At first, I wondered why we didn't see more maple syrup-based alcoholic beverages. Seems like a pretty great source for fermentables and flavor. Then I priced out a 5 gallon batch of maple wine and realized that maple syrup (the good stuff, why bother with the commercial bland crap you get a Trader Joe's) is *spendy*. Getting it for free or cheap would be pretty awesome.
Maple syrup is also pretty fantastic just by itself- mix enough into water (depends on the syrup, so you have to measure) to get about 1.075 OG (or higher), and ferment it either with a clean ale yeast or a champagne yeast. Gets all dry and woody, without needing oaking. Something that's on my to-do list is make a maple fortified wine- you can theoretically distill some of your maple wine and add it to another batch that's mid-ferment, catching it at 1.020 or 1.025 gravity. The increase in alcohol will stun/kill the yeast, leaving a strong but still syrupy and sweet drink. That's more or less how they make port.

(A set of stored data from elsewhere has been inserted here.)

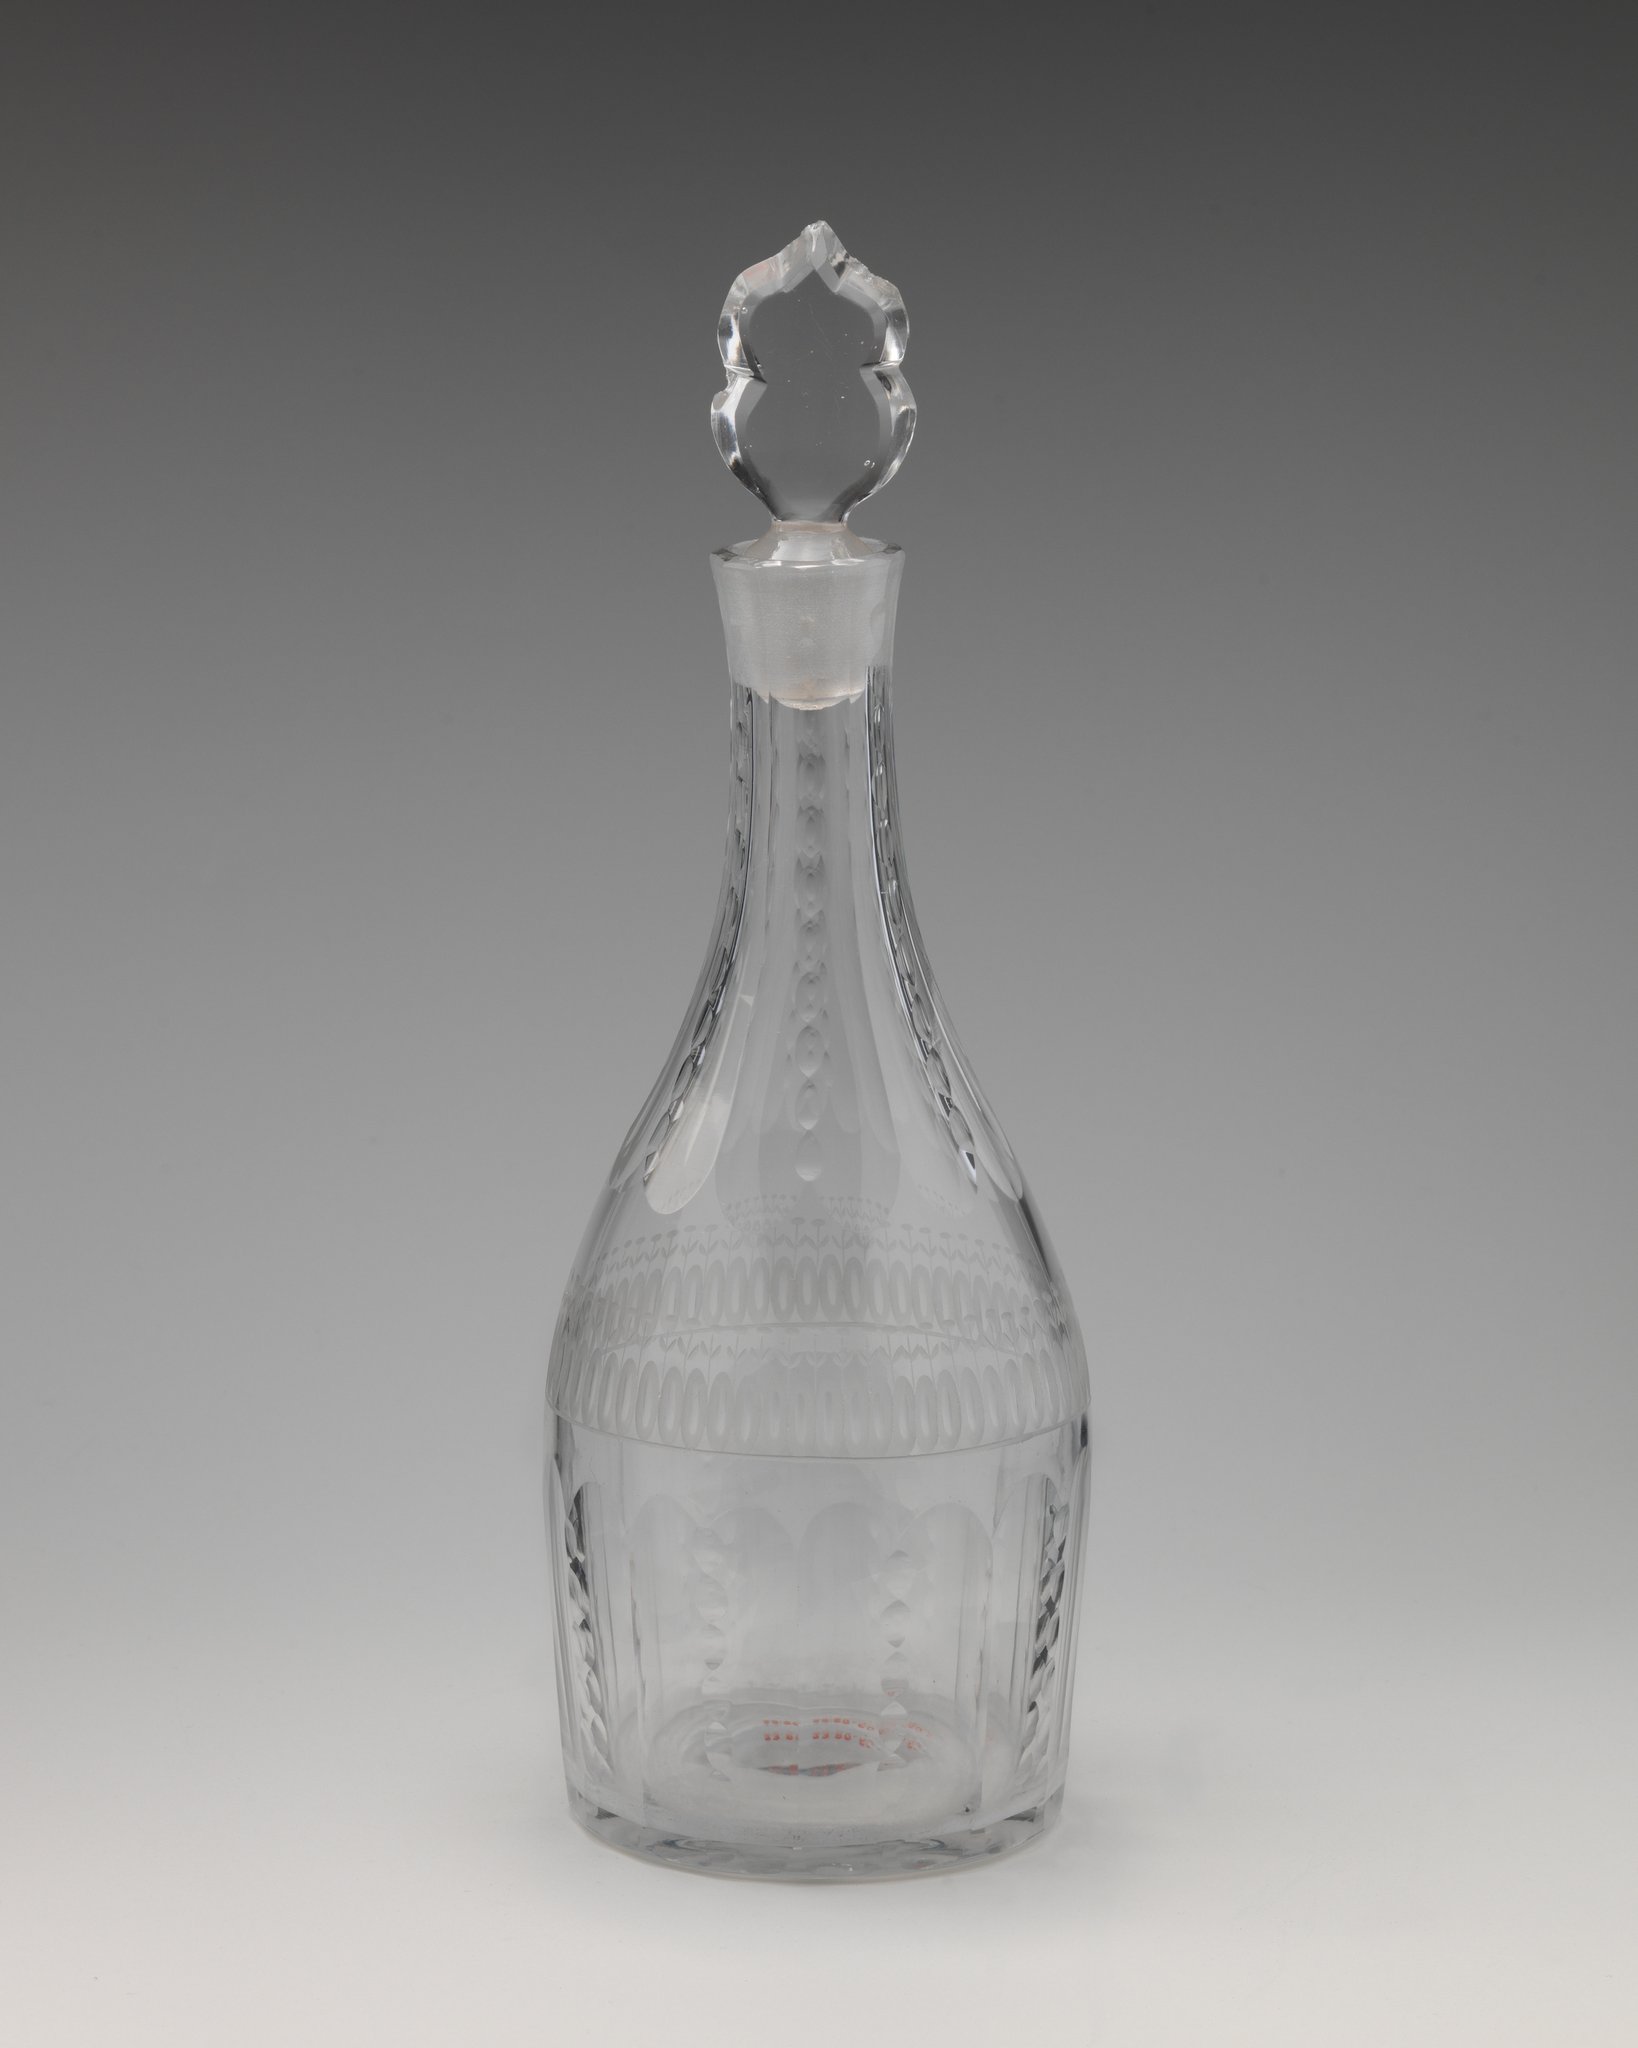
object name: decanter with stopper
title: Decanter with stopper (one of a pair)
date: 1767-1800
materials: glass

Of course, I can't distill at home, so this is a "maybe-someday" kind of project.
Generally, it's a lot of simple sugars and some flavors in there. Like honey, if you add it to the primary, it will ferment away almost completely, leaving behind the pleasant astringent woody flavors in the syrup but not much of the sweetness.

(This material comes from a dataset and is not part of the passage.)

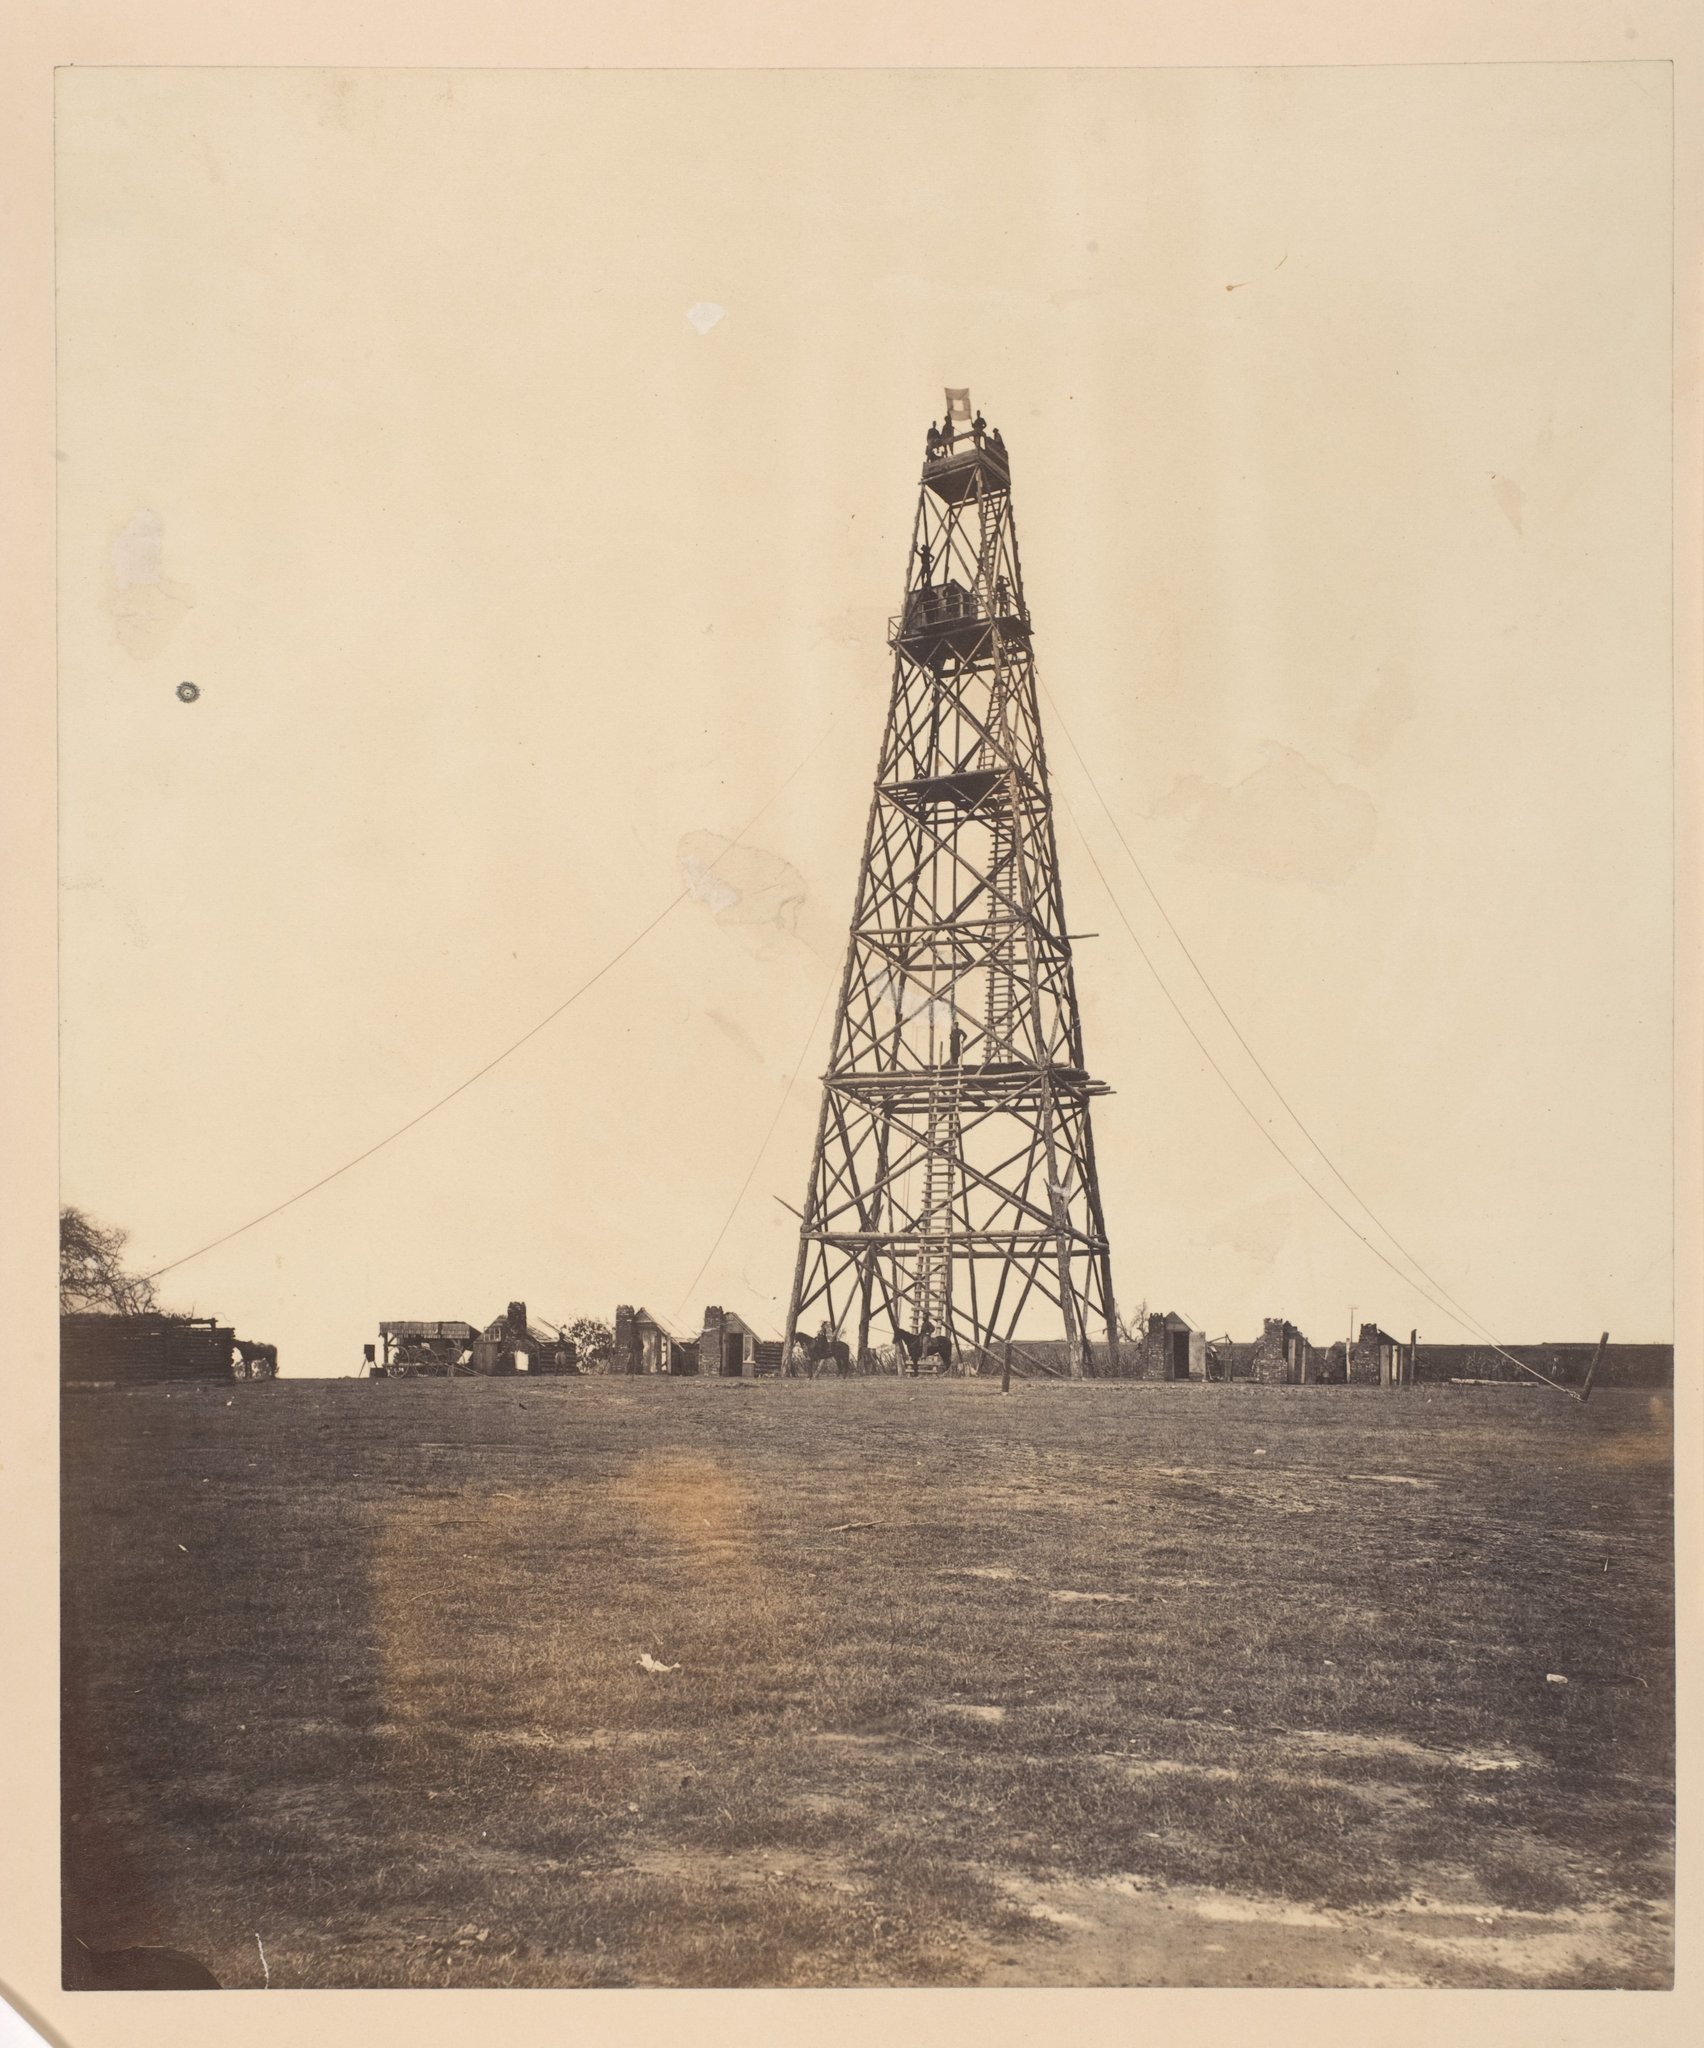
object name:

Using it as a priming sugar will leave a bit more residual sweetness in it, but limits how much you can put in. Similar to honey as well; you will want to pasteurize it a bit (unless you're getting it straight out of the boiler from the syrup farm you lucky somnabeech). I'd consider tossing it in at about 10 minutes from knockout. Don't want too many of those great aromatics to go away.